Before he graduated from the University of Liberia in 1966, Sawyer stated that he got a job in broadcasting, through the help of the late G. Henry Andrews, one of Liberia’s luminaries in radio broadcasting. He did continuity announcing and read news for about five years at the Liberia
Broadcasting System (LBS) before leaving for the U.S. for further studies after graduating from the UL. One of his colleagues at the LBS was the late Jonathan Reffell, another luminary of broadcasting in Liberia.

“I got to Northwestern University ill-prepared, admitted Dr. Sawyer. UL was doing her best but there were book shortages, etc. I had to stay up all night reading and reviewing books just to catch up.” He disclosed that he had to attend summer sessions just to adequately fulfill the requirements of the university.

He further stated that at Northwestern, there was considerable support for the liberation of Africa from its colonial masters and that he became a part of some of those movements on campus.

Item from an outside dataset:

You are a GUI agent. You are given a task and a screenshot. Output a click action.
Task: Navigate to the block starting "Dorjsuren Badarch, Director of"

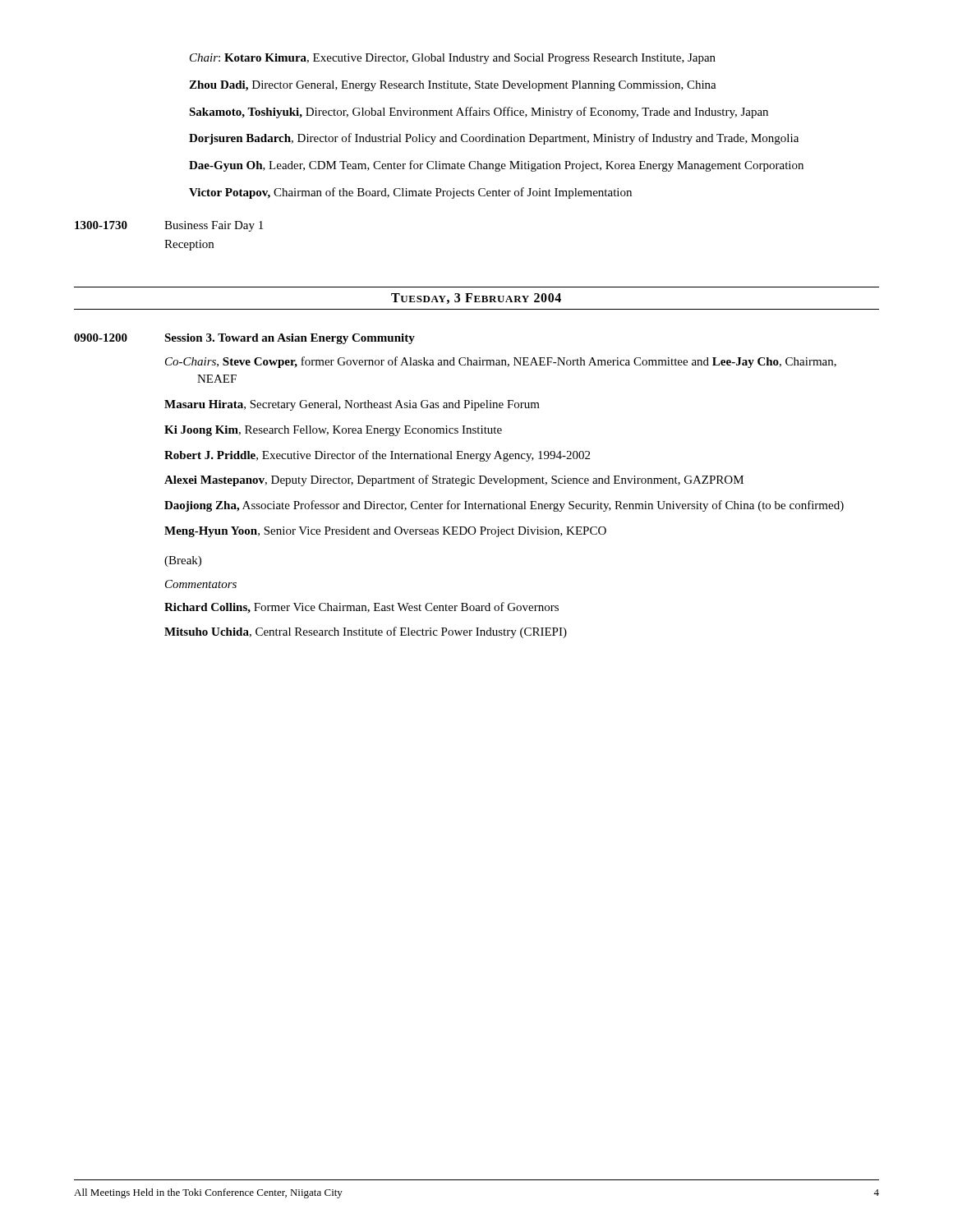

Dr. Sawyer returned home in the early 1970s and was later appointed dean of Liberia College, the UL’s Liberal Arts College. As a Political Science teacher, he attracted one of the largest classes at the university. The administration, given the huge number of students in that class, was forced to transfer it to the UL auditorium.

It was during his days as a UL professor that he joined Dr. Togba-Nah Tipoteh, Dr. H. Boima Fahnbulleh and Dew Tuan Wleh Mayson, all of whom had returned with ideologies of liberating Africa, in founding the Movement for Justice in Africa (MOJA). MOJA and Baccus Matthews’ Progressive Alliance of Liberia (PAL) became the leading political activists of the 1970s. The two groups conscientized Liberian students and youth, enhanced their political awareness and sharpened their rhetoric for change in Liberia.

Speaking further, Dr. Sawyer said their first contact was with the African Party for the Independence of Guinea and Cape Verde, P.A.I.G.C. (Guinea Bissau). He said they were so much into the liberation of the continent that they attempted to join the forces in Bissau to fight against the Portuguese, who were the colonial masters of both nations.

Meanwhile on the home front, he and his colleagues continue to advocate for change in the governance structure of the state. In 1978, it was announced that elections for the mayor of Monrovia was coming up and he and others believed that would have been a better way to exercise true democracy. “I ran to become mayor of Monrovia but I was told to become a member of the True Whig Party (TWP). I said no.” Although he didn’t win the election, his “Sawyer for Mayor” campaign led to changes in the election law for young people to vote without any attachments.

Before that time, it was in the law that young people of voting age should own property before they could be allowed to vote. He said because of their struggle for equal rights for every Liberian, today there are at least 22 registered political parties when for more than 100 years of the nation’s existence, there was only one political party, the TWP.

Dr. Sawyer became more prominent in the nation when the Economic Community of West African States’ (ECOWAS) Mediation Committee, including various Liberian delegations, elected him Chairman of the Interim Government of National Unity (IGNU) in September of 1990. The Committee was chaired by former Gambian President, Sir. Dawda K. Jawara.

He served until 1994 before handing over to another interim arrangement.

Presently, he heads the nation’s Governance Commission, which seeks to draw out policies that lead to decentralization and devolution of power from the Chief Executive.

Dr. Sawyer was born on June 15, 1945 in Greenville, Sinoe County.

He celebrated his 70th birthday on Sunday with a thanksgiving service at the St. Stephen Episcopal Church at 10th Street, Monrovia.